- [EXERCISE AIM]: Copy out the records in full, word for word, without pictures.

[[ SOURCE DATA open ]]

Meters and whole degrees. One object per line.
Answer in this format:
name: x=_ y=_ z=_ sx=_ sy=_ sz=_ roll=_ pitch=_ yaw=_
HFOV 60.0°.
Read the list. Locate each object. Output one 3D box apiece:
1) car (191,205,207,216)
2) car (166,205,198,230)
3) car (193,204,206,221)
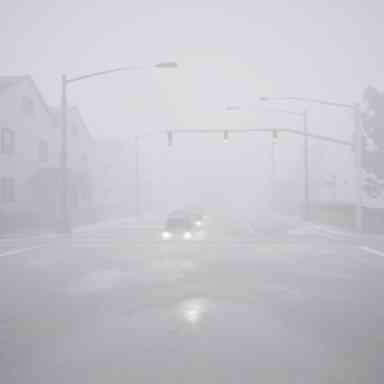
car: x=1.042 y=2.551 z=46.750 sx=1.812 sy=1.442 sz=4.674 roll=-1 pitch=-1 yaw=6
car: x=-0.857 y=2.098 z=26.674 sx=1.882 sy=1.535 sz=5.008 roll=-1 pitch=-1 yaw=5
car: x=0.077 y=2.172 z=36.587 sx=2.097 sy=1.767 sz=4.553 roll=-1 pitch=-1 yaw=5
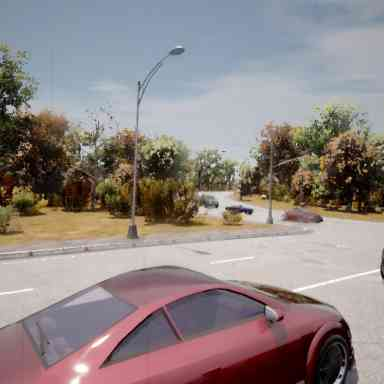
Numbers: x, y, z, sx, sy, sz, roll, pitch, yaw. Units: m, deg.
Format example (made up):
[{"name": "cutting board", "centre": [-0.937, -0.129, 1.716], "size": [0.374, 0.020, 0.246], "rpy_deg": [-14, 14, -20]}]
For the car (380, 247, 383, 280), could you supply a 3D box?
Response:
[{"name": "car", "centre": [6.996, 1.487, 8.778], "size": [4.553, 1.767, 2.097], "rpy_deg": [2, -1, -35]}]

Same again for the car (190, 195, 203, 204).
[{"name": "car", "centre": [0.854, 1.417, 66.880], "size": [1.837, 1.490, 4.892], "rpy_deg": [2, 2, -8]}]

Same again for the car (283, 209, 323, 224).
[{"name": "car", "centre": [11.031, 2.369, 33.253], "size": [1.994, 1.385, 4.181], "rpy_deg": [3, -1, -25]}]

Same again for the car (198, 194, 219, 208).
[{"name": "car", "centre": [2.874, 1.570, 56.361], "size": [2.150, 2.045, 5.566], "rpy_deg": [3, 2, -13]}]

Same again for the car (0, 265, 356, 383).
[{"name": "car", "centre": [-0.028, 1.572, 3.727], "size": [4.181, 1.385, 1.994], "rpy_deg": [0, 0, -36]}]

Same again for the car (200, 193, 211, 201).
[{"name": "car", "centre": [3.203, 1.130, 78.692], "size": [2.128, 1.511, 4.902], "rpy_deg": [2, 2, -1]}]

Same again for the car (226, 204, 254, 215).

[[ SOURCE DATA closed ]]

- [FINAL ANSWER]:
Meters and whole degrees. One object per line.
Answer in this format:
name: x=_ y=_ z=_ sx=_ sy=_ sz=_ roll=_ pitch=_ yaw=_
HFOV 60.0°.
Read the list. Locate each object. Output one 3D box apiece:
1) car (191,205,207,216)
2) car (166,205,198,230)
3) car (193,204,206,221)
car: x=1.042 y=2.551 z=46.750 sx=1.812 sy=1.442 sz=4.674 roll=-1 pitch=-1 yaw=6
car: x=-0.857 y=2.098 z=26.674 sx=1.882 sy=1.535 sz=5.008 roll=-1 pitch=-1 yaw=5
car: x=0.077 y=2.172 z=36.587 sx=2.097 sy=1.767 sz=4.553 roll=-1 pitch=-1 yaw=5
Numbers: x, y, z, sx, sy, sz, roll, pitch, yaw. Units: m, deg.
Format example (made up):
[{"name": "cutting board", "centre": [-0.937, -0.129, 1.716], "size": [0.374, 0.020, 0.246], "rpy_deg": [-14, 14, -20]}]
For the car (380, 247, 383, 280), could you supply a 3D box?
Response:
[{"name": "car", "centre": [6.996, 1.487, 8.778], "size": [4.553, 1.767, 2.097], "rpy_deg": [2, -1, -35]}]

Same again for the car (190, 195, 203, 204).
[{"name": "car", "centre": [0.854, 1.417, 66.880], "size": [1.837, 1.490, 4.892], "rpy_deg": [2, 2, -8]}]

Same again for the car (283, 209, 323, 224).
[{"name": "car", "centre": [11.031, 2.369, 33.253], "size": [1.994, 1.385, 4.181], "rpy_deg": [3, -1, -25]}]

Same again for the car (198, 194, 219, 208).
[{"name": "car", "centre": [2.874, 1.570, 56.361], "size": [2.150, 2.045, 5.566], "rpy_deg": [3, 2, -13]}]

Same again for the car (0, 265, 356, 383).
[{"name": "car", "centre": [-0.028, 1.572, 3.727], "size": [4.181, 1.385, 1.994], "rpy_deg": [0, 0, -36]}]

Same again for the car (200, 193, 211, 201).
[{"name": "car", "centre": [3.203, 1.130, 78.692], "size": [2.128, 1.511, 4.902], "rpy_deg": [2, 2, -1]}]

Same again for the car (226, 204, 254, 215).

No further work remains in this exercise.